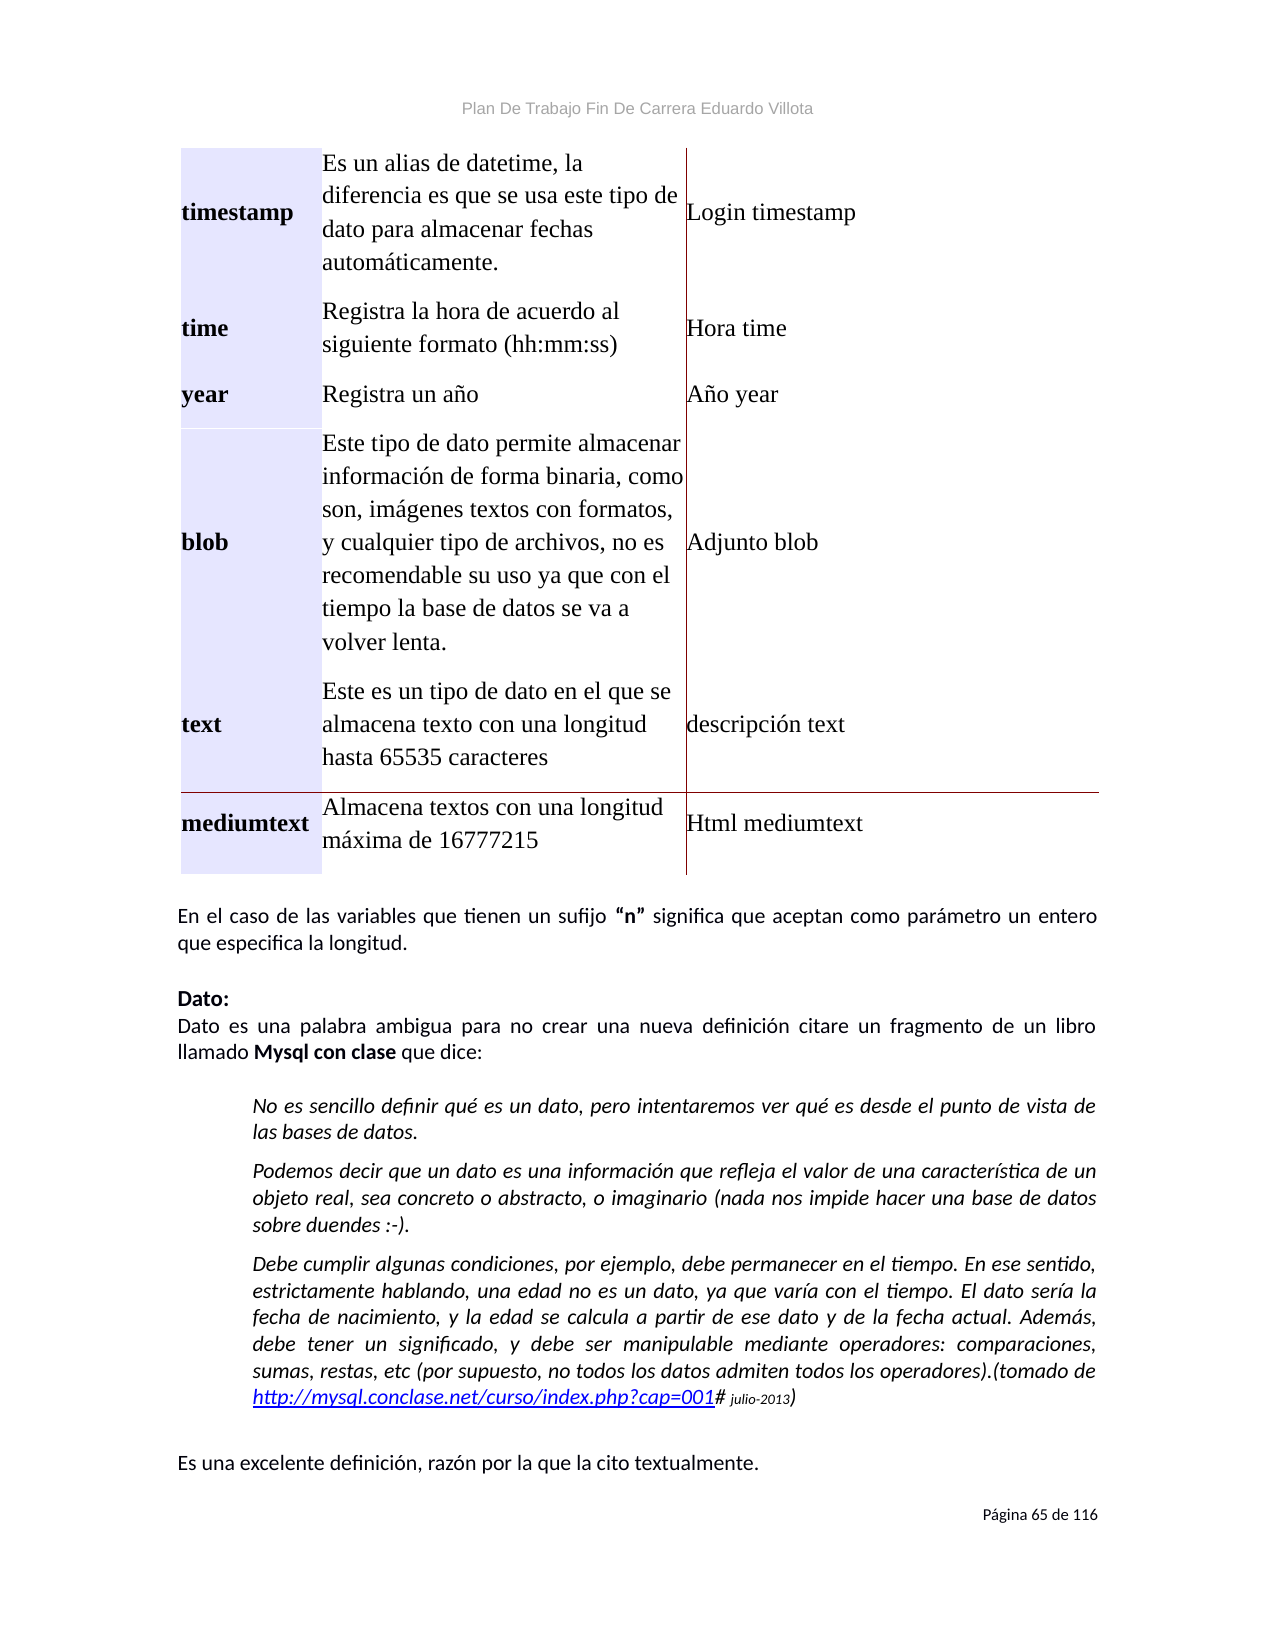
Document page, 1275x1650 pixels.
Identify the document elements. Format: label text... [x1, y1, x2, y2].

table_cell Adjunto blob [687, 429, 1099, 676]
table_cell Este es un tipo de dato en el que se almacena texto con una longitud hasta 65535 caracteres [322, 676, 686, 792]
table_cell Login timestamp [687, 148, 1099, 296]
table_cell timestamp [181, 148, 322, 296]
table_cell Año year [687, 379, 1099, 428]
table_cell mediumtext [181, 793, 322, 874]
text Podemos decir que un dato es una información que refleja el valor de una característica de un objeto real, sea concreto o abstracto, o imaginario (nada nos impide hacer una base de datos sobre duendes :-). [252, 1158, 1098, 1238]
table_cell time [181, 296, 322, 379]
text Dato es una palabra ambigua para no crear una nueva definición citare un fragmento de un libro llamado Mysql con clase que dice: [177, 1012, 1098, 1065]
table_cell Hora time [687, 296, 1099, 379]
table_cell descripción text [687, 676, 1099, 792]
table_cell text [181, 676, 322, 792]
table_cell Este tipo de dato permite almacenar información de forma binaria, como son, imágenes textos con formatos, y cualquier tipo de archivos, no es recomendable su uso ya que con el tiempo la base de datos se va a volver lenta. [322, 429, 686, 676]
table_cell Es un alias de datetime, la diferencia es que se usa este tipo de dato para almacenar fechas automáticamente. [322, 148, 686, 296]
text Es una excelente definición, razón por la que la cito textualmente. [177, 1449, 1098, 1476]
table_cell Registra la hora de acuerdo al siguiente formato (hh:mm:ss) [322, 296, 686, 379]
table_cell Registra un año [322, 379, 686, 428]
table_cell Almacena textos con una longitud máxima de 16777215 [322, 793, 686, 874]
table_cell blob [181, 429, 322, 676]
text Debe cumplir algunas condiciones, por ejemplo, debe permanecer en el tiempo. En ese sentido, estrictamente hablando, una edad no es un dato, ya que varía con el tiempo. El dato sería la fecha de nacimiento, y la edad se calcula a partir de ese dato y de la fecha actual. Además, debe tener un significado, y debe ser manipulable mediante operadores: comparaciones, sumas, restas, etc (por supuesto, no todos los datos admiten todos los operadores).(tomado de http://mysql.conclase.net/curso/index.php?cap=001# julio-2013) [252, 1250, 1098, 1410]
table_cell year [181, 379, 322, 428]
text En el caso de las variables que tienen un sufijo “n” significa que aceptan como parámetro un entero que especifica la longitud. [177, 902, 1098, 956]
text Dato: [177, 984, 1098, 1012]
text No es sencillo definir qué es un dato, pero intentaremos ver qué es desde el punto de vista de las bases de datos. [252, 1092, 1098, 1145]
table_cell Html mediumtext [687, 793, 1099, 874]
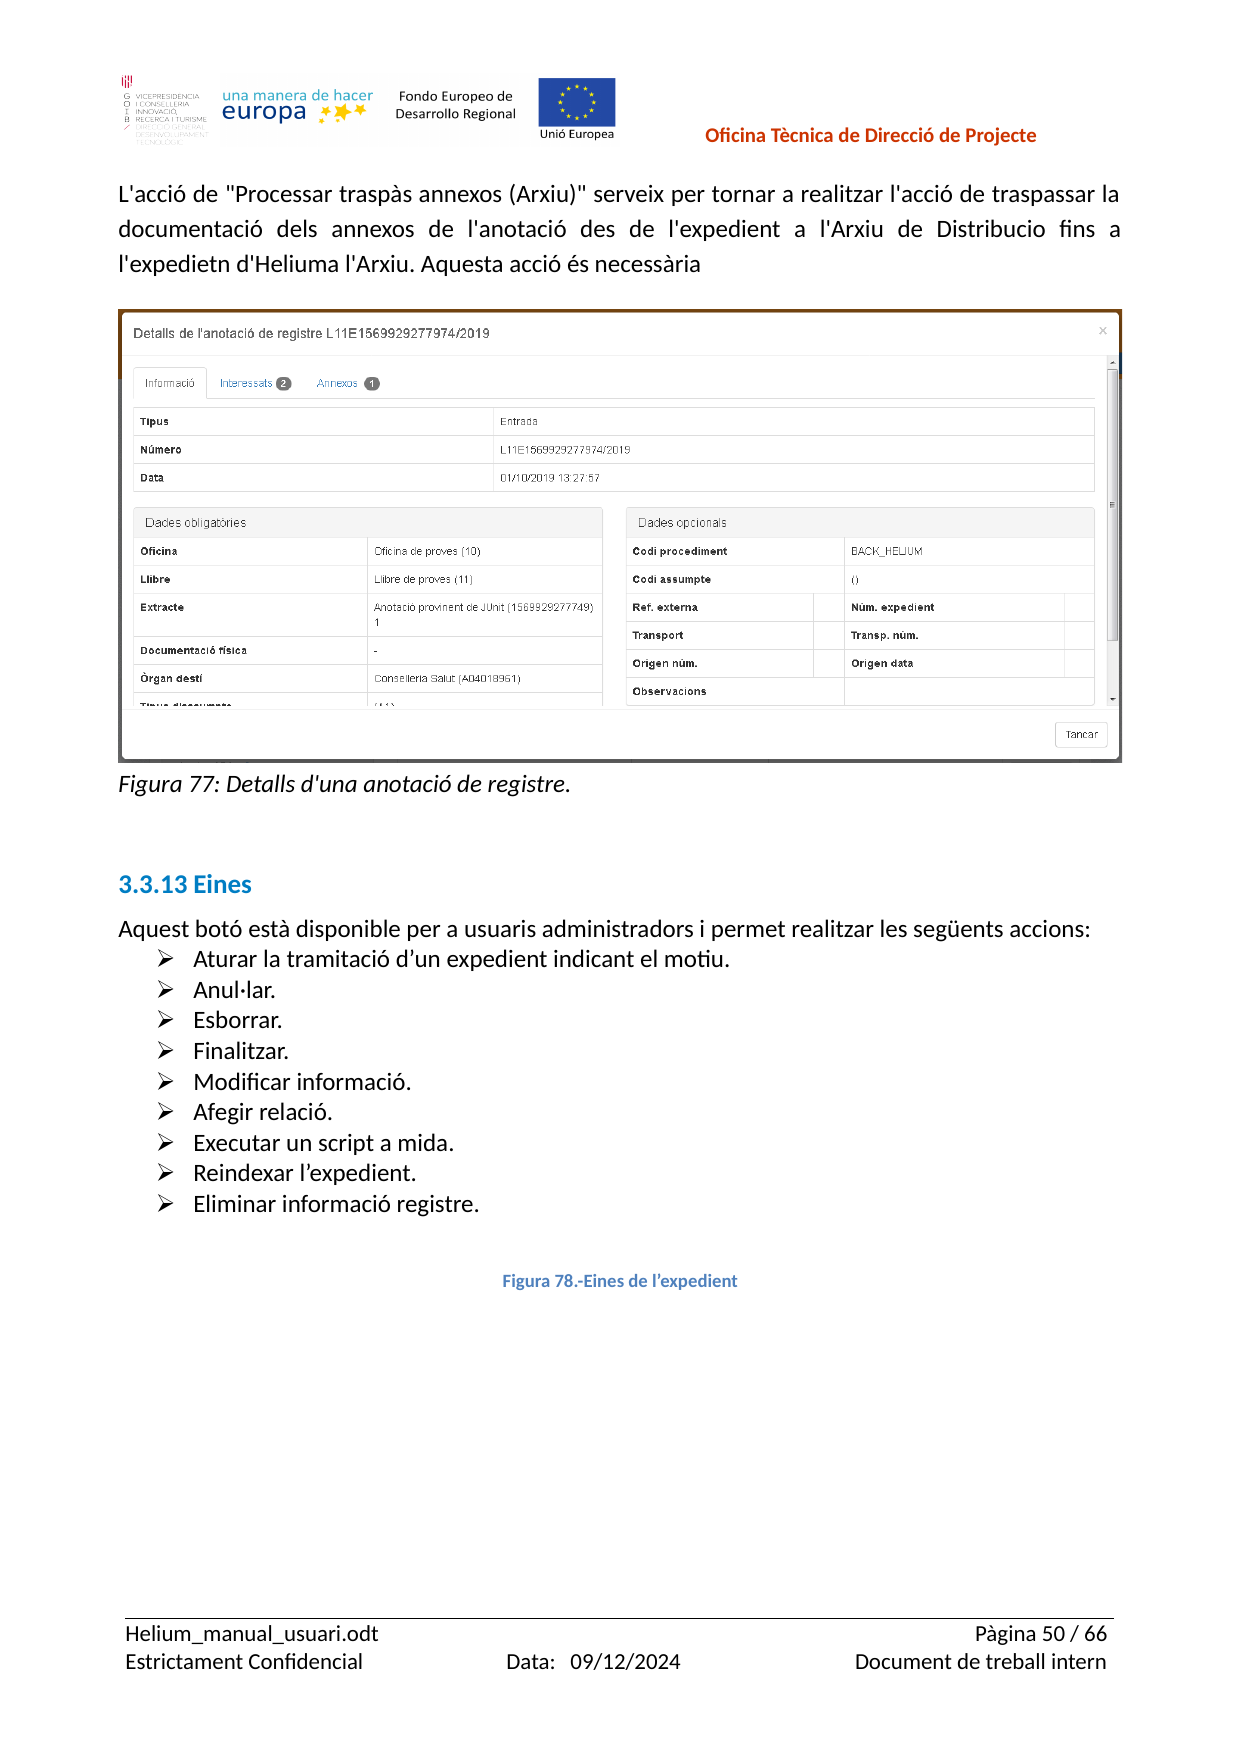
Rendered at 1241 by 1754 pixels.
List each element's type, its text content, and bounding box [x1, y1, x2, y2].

text Aquest botó està disponible per a usuaris administradors i permet realitzar les següents accions: [118, 913, 1122, 944]
text Figura 78.-Eines de l’expedient [118, 1270, 1122, 1293]
list Executar un script a mida. [156, 1127, 1122, 1157]
list Aturar la tramitació d’un expedient indicant el motiu. [156, 944, 1122, 974]
picture [118, 73, 213, 147]
picture [219, 73, 621, 147]
list Afegir relació. [156, 1096, 1122, 1127]
list Eliminar informació registre. [156, 1188, 1122, 1218]
list Finalitzar. [156, 1035, 1122, 1066]
list Anul·lar. [156, 974, 1122, 1005]
list Esborrar. [156, 1005, 1122, 1035]
picture [118, 309, 1123, 763]
text L'acció de "Processar traspàs annexos (Arxiu)" serveix per tornar a realitzar l'acció de traspassar la documentació dels annexos de l'anotació des de l'expedient a l'Arxiu de Distribucio fins a l'expedietn d'Heliuma l'Arxiu. Aquesta acció és necessària [118, 178, 1122, 278]
subtitle Eines [118, 868, 1122, 901]
list Modificar informació. [156, 1066, 1122, 1096]
list Reindexar l’expedient. [156, 1157, 1122, 1188]
text Figura 77: Detalls d'una anotació de registre. [118, 763, 1122, 799]
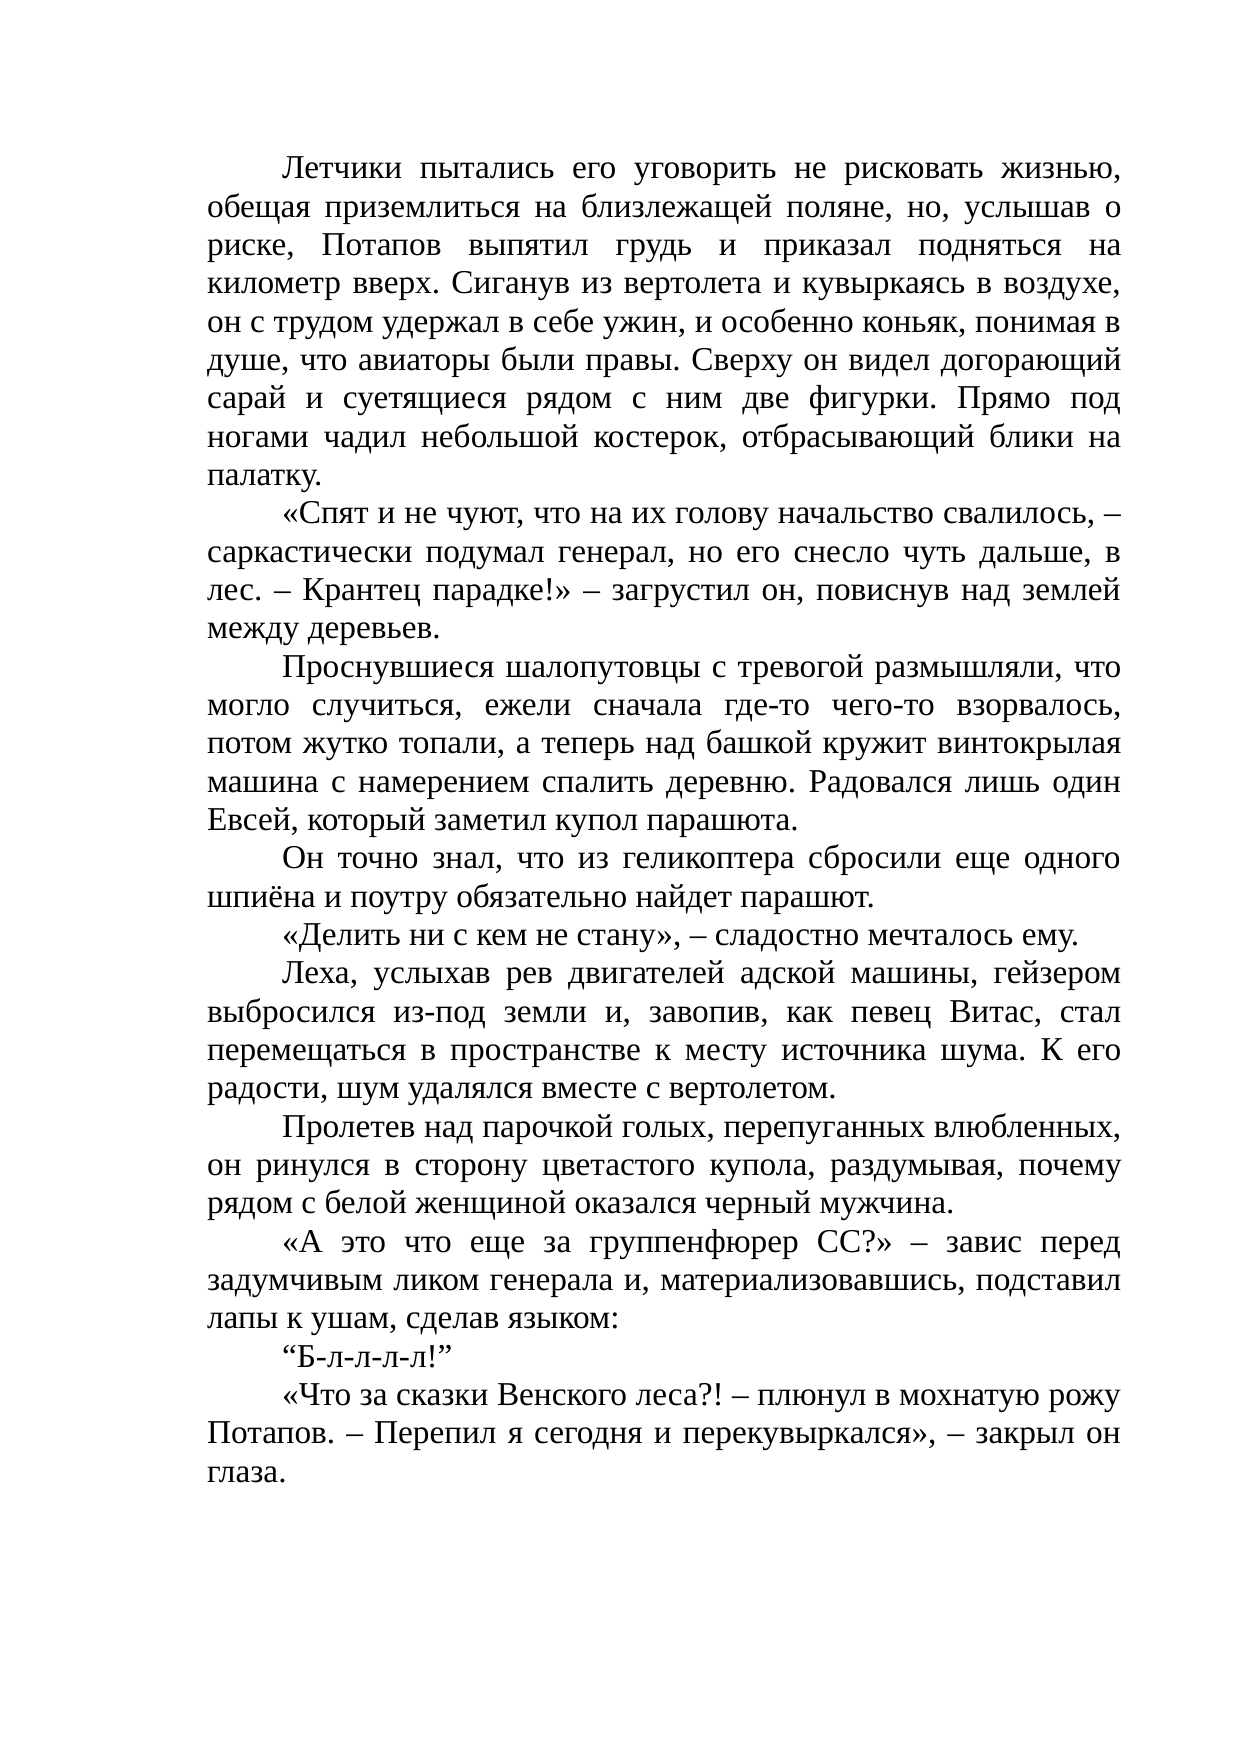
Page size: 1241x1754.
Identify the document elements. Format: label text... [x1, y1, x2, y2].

subtitle «Что за сказки Венского леса?! – плюнул в мохнатую рожу Потапов. – Перепил я сегодня и перекувыркался», – закрыл он глаза. [207, 1374, 1122, 1489]
subtitle “Б-л-л-л-л!” [207, 1336, 1122, 1374]
subtitle Он точно знал, что из геликоптера сбросили еще одного шпиёна и поутру обязательно найдет парашют. [207, 838, 1122, 914]
subtitle Проснувшиеся шалопутовцы с тревогой размышляли, что могло случиться, ежели сначала где-то чего-то взорвалось, потом жутко топали, а теперь над башкой кружит винтокрылая машина с намерением спалить деревню. Радовался лишь один Евсей, который заметил купол парашюта. [207, 646, 1122, 838]
subtitle «А это что еще за группенфюрер СС?» – завис перед задумчивым ликом генерала и, материализовавшись, подставил лапы к ушам, сделав языком: [207, 1221, 1122, 1336]
subtitle «Спят и не чуют, что на их голову начальство свалилось, – саркастически подумал генерал, но его снесло чуть дальше, в лес. – Крантец парадке!» – загрустил он, повиснув над землей между деревьев. [207, 493, 1122, 646]
subtitle Летчики пытались его уговорить не рисковать жизнью, обещая приземлиться на близлежащей поляне, но, услышав о риске, Потапов выпятил грудь и приказал подняться на километр вверх. Сиганув из вертолета и кувыркаясь в воздухе, он с трудом удержал в себе ужин, и особенно коньяк, понимая в душе, что авиаторы были правы. Сверху он видел догорающий сарай и суетящиеся рядом с ним две фигурки. Прямо под ногами чадил небольшой костерок, отбрасывающий блики на палатку. [207, 148, 1122, 493]
subtitle «Делить ни с кем не стану», – сладостно мечталось ему. [207, 914, 1122, 953]
subtitle Леха, услыхав рев двигателей адской машины, гейзером выбросился из-под земли и, завопив, как певец Витас, стал перемещаться в пространстве к месту источника шума. К его радости, шум удалялся вместе с вертолетом. [207, 953, 1122, 1106]
subtitle Пролетев над парочкой голых, перепуганных влюбленных, он ринулся в сторону цветастого купола, раздумывая, почему рядом с белой женщиной оказался черный мужчина. [207, 1106, 1122, 1221]

══════════════════════════════

**Description of the task**
The reply should hold only how many lines in the material include the word "información".

**Solution to this exercise**
2